How wise are crowds?

By melding economics and engineering, researchers show that as social networks get larger, they usually get better at sorting fact from fiction. The rise of the Internet has sparked a fascination with what The New Yorker 's financial writer James Surowiecki called, in a book of the same name, 'the wisdom of crowds?: the idea that aggregating or averaging the imperfect, distributed knowledge of a large group of people can often yield better information than canvassing expert opinion. But as Surowiecki himself, and many commentators on his book, have pointed out, circumstances can conspire to undermine the wisdom of crowds.
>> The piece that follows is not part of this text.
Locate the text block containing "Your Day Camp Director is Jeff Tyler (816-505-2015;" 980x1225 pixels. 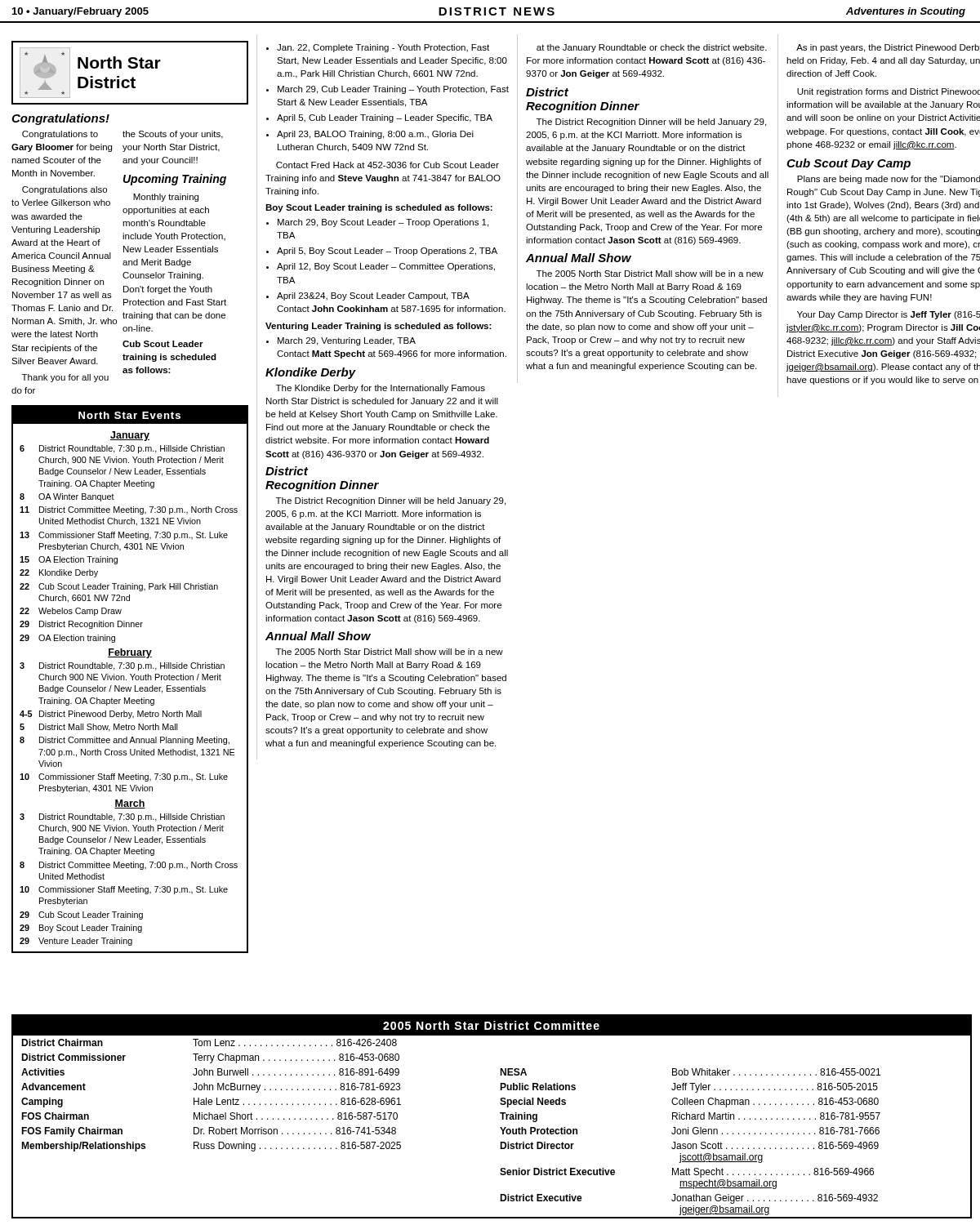[x=883, y=347]

In particular, if a handful of people in a population exert an excessive influence on those around them, a 'herding' instinct can kick in, and people will rally around an idea that could turn out to be wrong. Fortunately, in a paper to be published in the Review of Economic Studies , researchers from MIT's Departments of Economics and Electrical Engineering and Computer Science have demonstrated that, as networks of people grow larger, they'll usually tend to converge on an accurate understanding of information distributed among them, even if individual members of the network can observe only their nearby neighbors. A few opinionated people with large audiences can slow that convergence, but in the long run, they?re unlikely to stop it. In the past, economists trying to model the propagation of information through a population would allow any given member of the population to observe the decisions of all the other members, or of a random sampling of them.